A parte de baixa frequência do gemido vem da vibração das pregas vocais, como uma pessoa cantando ou um gato miando. Até agora, a origem do componente de alta frequência não era clara. Para resolver isso, a equipe analisou a anatomia vocal do cavalo, revisou dados clínicos e conduziu estudos acústicos detalhados.

“Resolver este quebra-cabeça biomecânico requer uma combinação de abordagens da medicina veterinária à física acústica”, disse o autor principal Romain Leffer, da Universidade de Copenhague.

Suas descobertas mostraram que o componente de alta frequência é produzido por um apito laríngeo. Esse mecanismo funciona de maneira semelhante a um apito humano, mas o fluxo de ar que cria o som é perturbado dentro da laringe do cavalo, e não nos lábios. Sabe-se que pequenos roedores, como ratos e camundongos, produzem assobios laríngeos, mas os cavalos são os primeiros grandes mamíferos a serem detectados usando este método. Eles são os únicos animais que assobiam assim enquanto vibram simultaneamente as pregas vocais.

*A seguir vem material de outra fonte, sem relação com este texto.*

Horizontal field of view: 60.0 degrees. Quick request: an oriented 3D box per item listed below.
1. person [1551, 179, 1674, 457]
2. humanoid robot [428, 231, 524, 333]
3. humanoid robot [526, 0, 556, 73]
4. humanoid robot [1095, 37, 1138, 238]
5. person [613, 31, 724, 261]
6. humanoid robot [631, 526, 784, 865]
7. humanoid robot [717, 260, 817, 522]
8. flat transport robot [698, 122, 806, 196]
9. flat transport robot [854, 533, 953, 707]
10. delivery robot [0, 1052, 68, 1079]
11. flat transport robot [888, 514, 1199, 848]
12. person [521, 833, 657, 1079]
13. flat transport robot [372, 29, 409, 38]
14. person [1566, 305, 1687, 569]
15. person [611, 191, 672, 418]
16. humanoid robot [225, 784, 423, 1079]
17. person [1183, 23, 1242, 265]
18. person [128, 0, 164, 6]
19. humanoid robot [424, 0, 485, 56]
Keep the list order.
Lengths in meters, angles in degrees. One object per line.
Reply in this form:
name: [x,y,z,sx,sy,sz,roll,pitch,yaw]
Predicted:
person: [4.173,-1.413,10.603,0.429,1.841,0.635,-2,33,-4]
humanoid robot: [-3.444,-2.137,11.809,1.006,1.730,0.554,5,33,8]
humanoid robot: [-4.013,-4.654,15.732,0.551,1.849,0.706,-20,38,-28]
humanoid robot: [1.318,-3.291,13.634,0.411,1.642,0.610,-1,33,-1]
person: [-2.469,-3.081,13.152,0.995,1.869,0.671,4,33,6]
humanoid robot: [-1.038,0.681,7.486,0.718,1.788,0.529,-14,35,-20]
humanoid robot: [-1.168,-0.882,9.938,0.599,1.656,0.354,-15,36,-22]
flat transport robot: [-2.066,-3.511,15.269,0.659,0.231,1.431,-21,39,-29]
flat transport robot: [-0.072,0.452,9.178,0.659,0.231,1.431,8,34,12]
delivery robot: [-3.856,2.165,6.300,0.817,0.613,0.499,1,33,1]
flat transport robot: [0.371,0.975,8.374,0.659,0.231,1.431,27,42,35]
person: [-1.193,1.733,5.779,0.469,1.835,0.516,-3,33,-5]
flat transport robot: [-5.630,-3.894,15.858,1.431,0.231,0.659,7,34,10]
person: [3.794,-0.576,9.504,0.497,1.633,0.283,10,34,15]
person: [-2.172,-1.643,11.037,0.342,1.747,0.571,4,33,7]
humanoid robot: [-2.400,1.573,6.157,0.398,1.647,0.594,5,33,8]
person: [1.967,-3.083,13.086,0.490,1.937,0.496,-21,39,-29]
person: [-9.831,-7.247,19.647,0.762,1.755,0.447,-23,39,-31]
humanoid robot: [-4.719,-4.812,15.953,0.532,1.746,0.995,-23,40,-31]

Testes de hélio confirmam apito laríngeo

Para confirmar a origem dos sons de alta frequência, os pesquisadores realizaram experimentos com laringe extirpada. Eles passam o ar através de uma laringe removida de um cavalo morto e então alternam o fluxo de ar entre o ar normal e o hélio. Como o som viaja mais rápido no hélio, as frequências do assobio aumentam quando o hélio é usado, enquanto os sons produzidos pela vibração das pregas vocais permanecem inalterados.

Os resultados corresponderam às suas previsões. Quando o hélio flui através da laringe, o componente de alta frequência aumenta de tom, mas o componente de baixa frequência permanece o mesmo.

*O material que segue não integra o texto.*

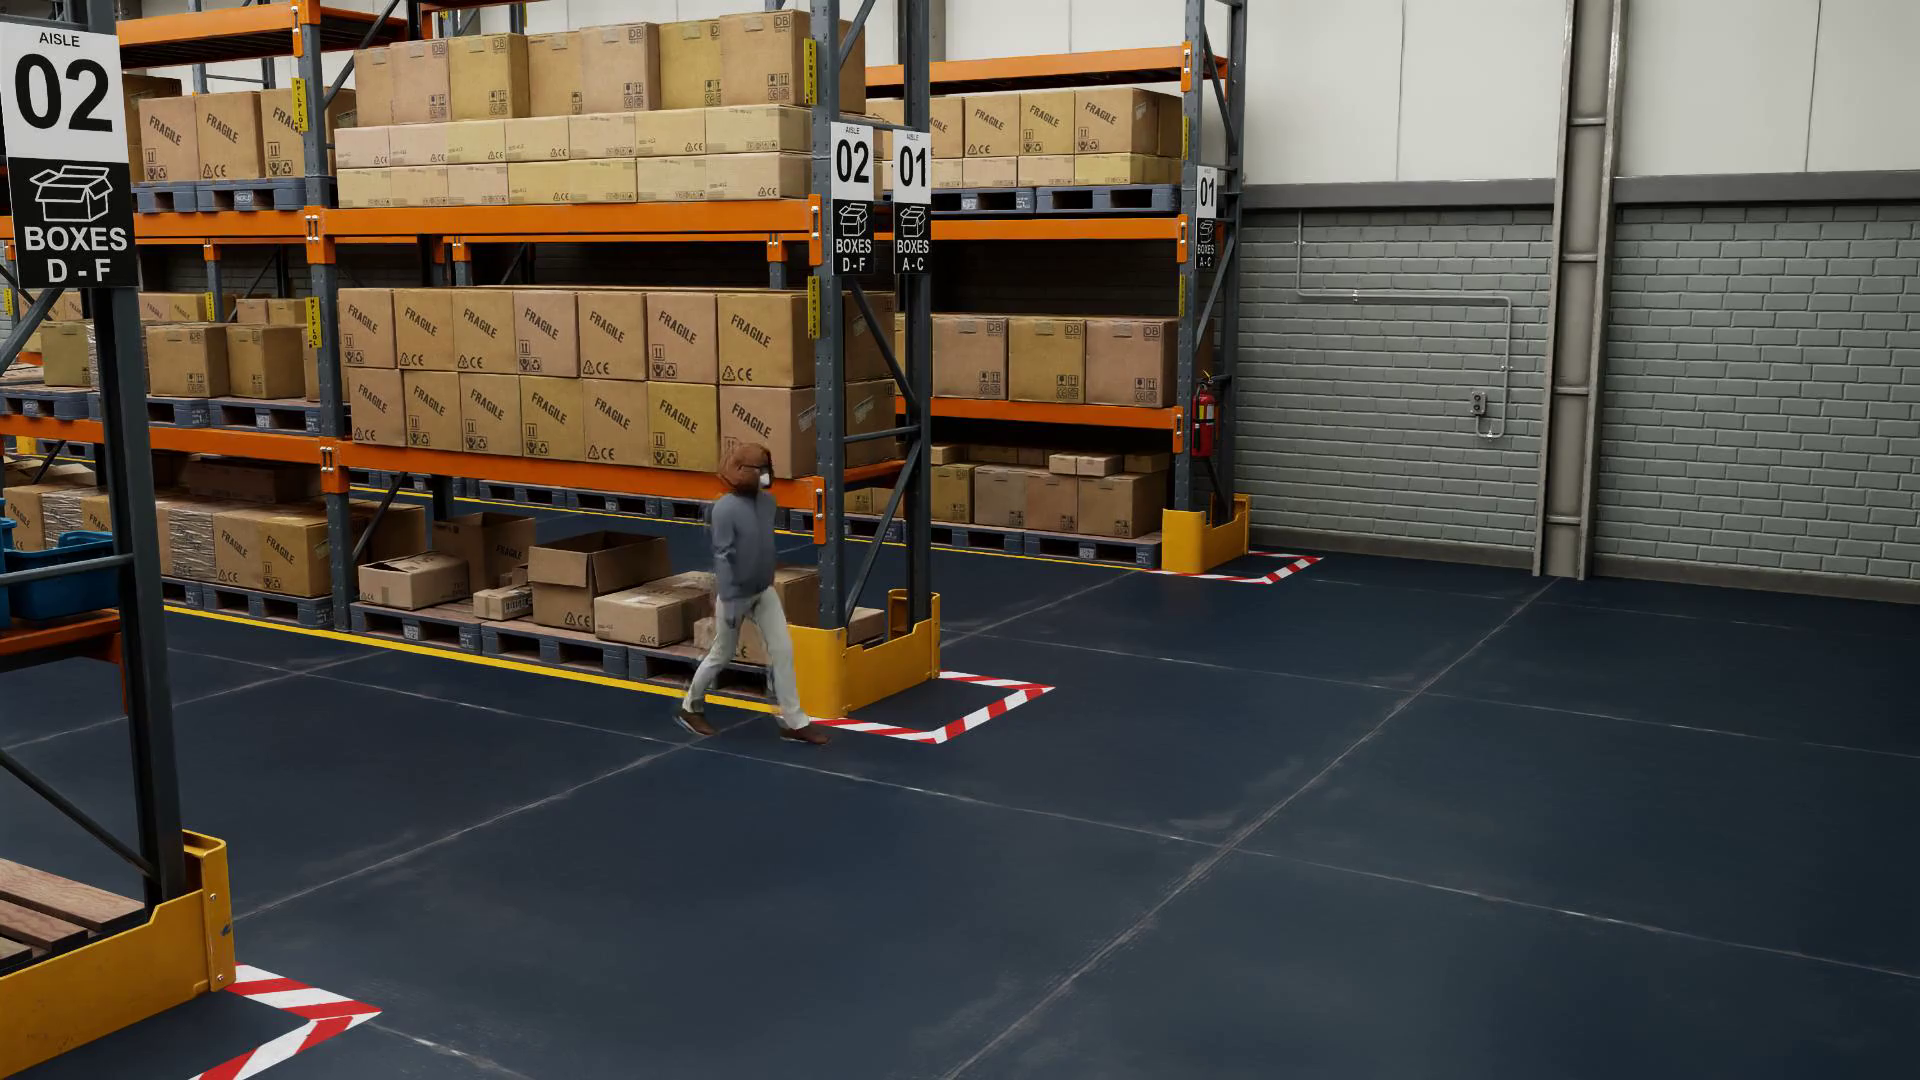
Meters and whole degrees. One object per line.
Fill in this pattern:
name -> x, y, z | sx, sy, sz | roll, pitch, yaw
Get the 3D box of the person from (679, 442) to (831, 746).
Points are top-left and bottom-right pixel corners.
person -> -1.125, 0.273, 8.682 | 0.865, 1.584, 0.511 | 7, 12, 34

“Quando sopramos hélio pela laringe pela primeira vez, a mudança de frequência foi imediatamente óbvia e sabíamos que tínhamos resolvido o mistério”, disse o autor William Tecumseh Fitch, da Universidade de Viena. “Ficamos emocionados!”

Evolução da bifonação em cavalos

Esses resultados esclarecem como duas alturas sobrepostas, ou bifonação, são produzidas fisicamente. Os pesquisadores sugerem que essa habilidade vocal provavelmente evoluiu para que os cavalos pudessem comunicar vários sinais independentes ao mesmo tempo.

Eles também descobriram que os cavalos de Przewalski, uma espécie intimamente relacionada aos cavalos domésticos, produzem relinchos que incluem bifonação. Em contraste, parentes mais distantes, como burros e zebras, parecem não ter componentes de alta frequência. Esta diferença sugere que os cavalos desenvolveram adaptações vocais especiais, dando-lhes uma gama de chamados mais ampla e complexa do que outros mamíferos.

“Compreender como e porquê a bifonação evoluiu é um passo importante para elucidar as origens da incrível diversidade vocal no comportamento vocal dos mamíferos”, disse o autor David Raby, da Universidade de Lyon/Saint-Etienne.

Este trabalho foi apoiado pela Swiss National Science Foundation, pelo Austrian Science Fund e pelo Institut Universitaire de France.